Dataset records:
◇ ◇ ◇ ◇
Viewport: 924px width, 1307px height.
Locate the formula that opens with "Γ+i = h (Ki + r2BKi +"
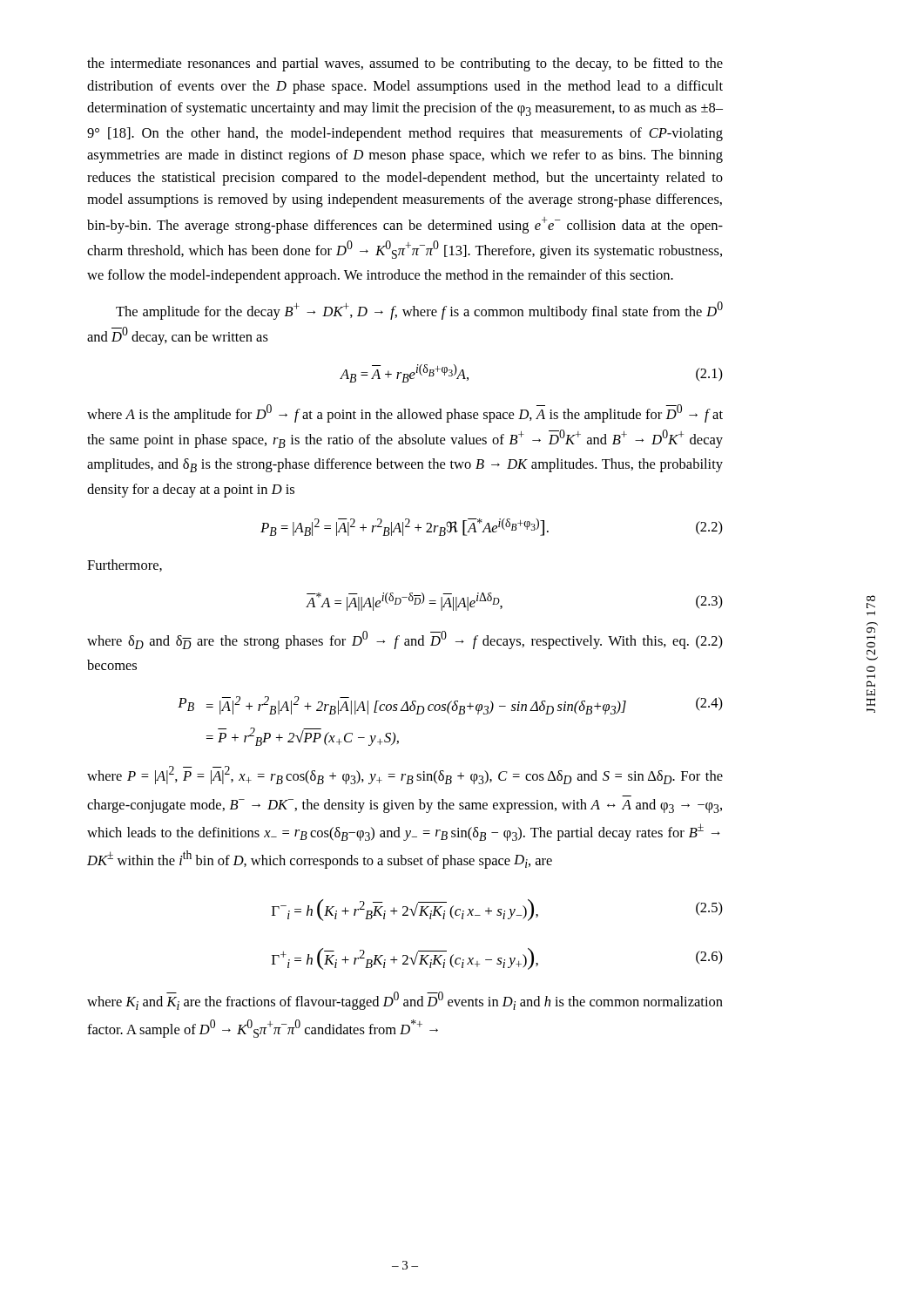click(x=405, y=957)
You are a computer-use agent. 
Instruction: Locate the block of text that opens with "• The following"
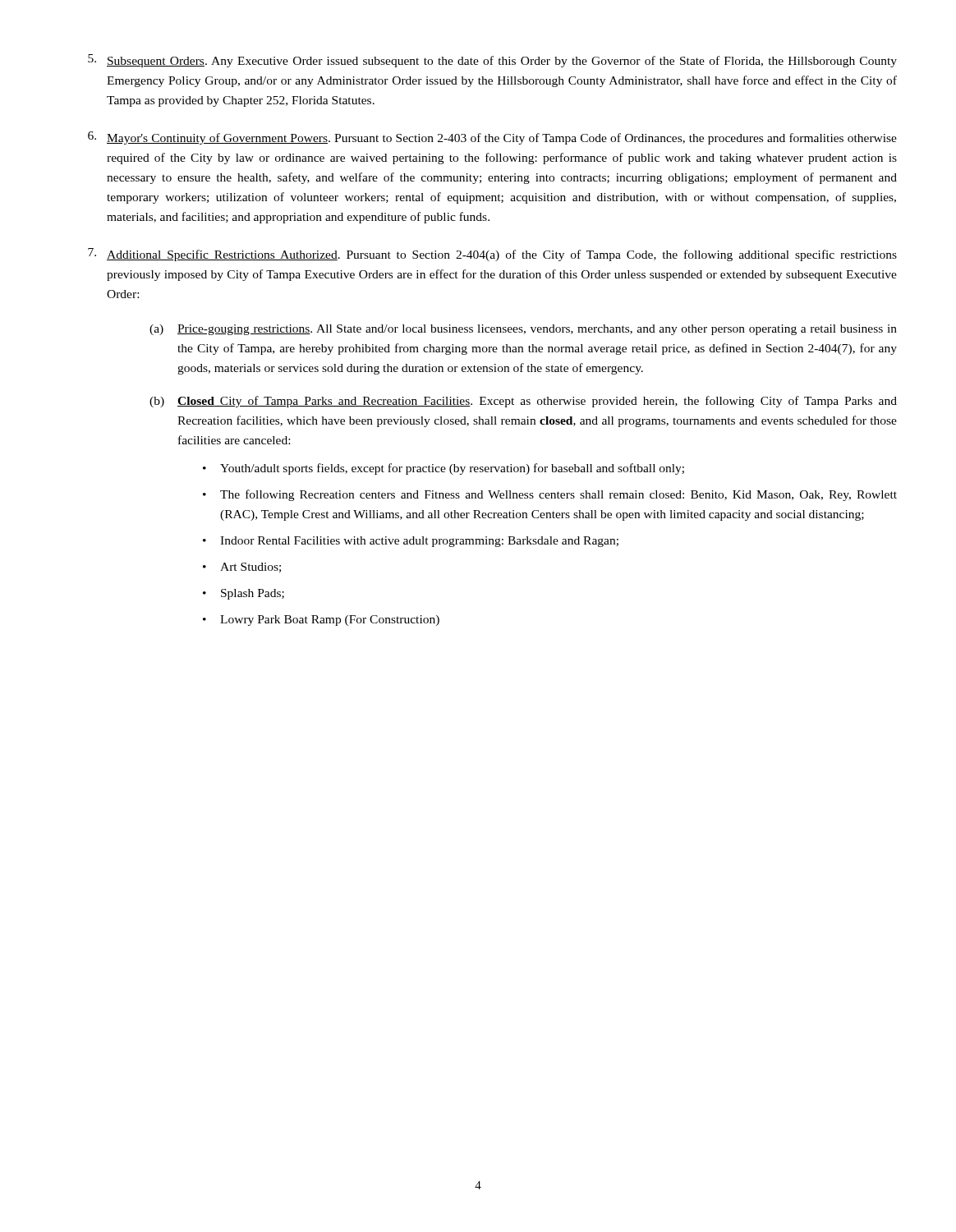549,505
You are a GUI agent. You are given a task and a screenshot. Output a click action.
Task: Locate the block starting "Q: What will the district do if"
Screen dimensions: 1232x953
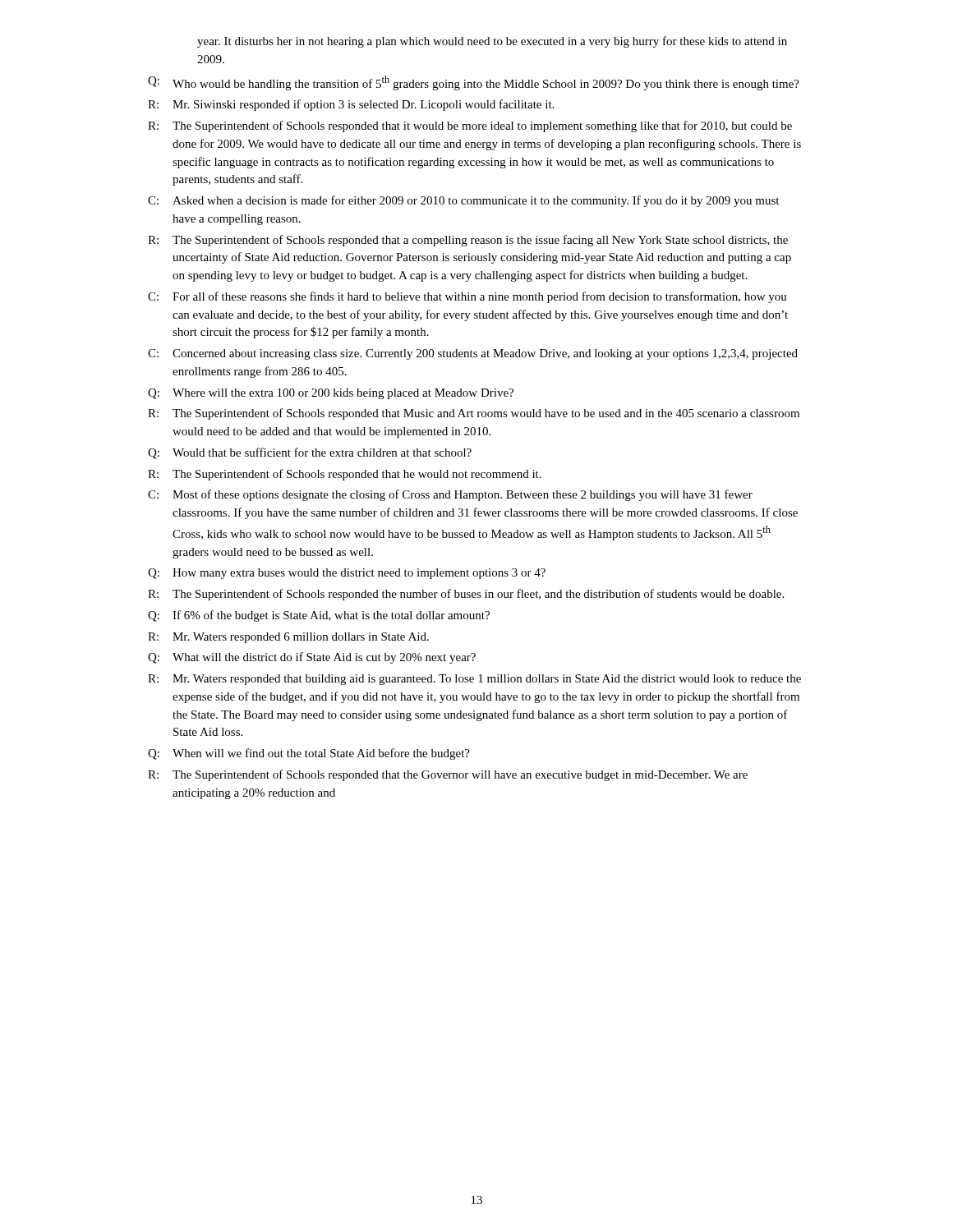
◇ ◇ ◇ ◇
#### [What is expected]
Repeat the records in full, precisely, and keep the pictures out.

#### [Output for this exercise]
Viewport: 924px width, 1307px height.
Locate the formula that opens with "Γ+i = h (Ki + r2BKi +"
click(x=405, y=957)
You are a computer-use agent. 
Instruction: Locate the block of text that opens with "• The following"
549,505
You are a GUI agent. You are given a task and a screenshot. Output a click action.
Task: Locate the block starting "Q: What will the district do if"
Screen dimensions: 1232x953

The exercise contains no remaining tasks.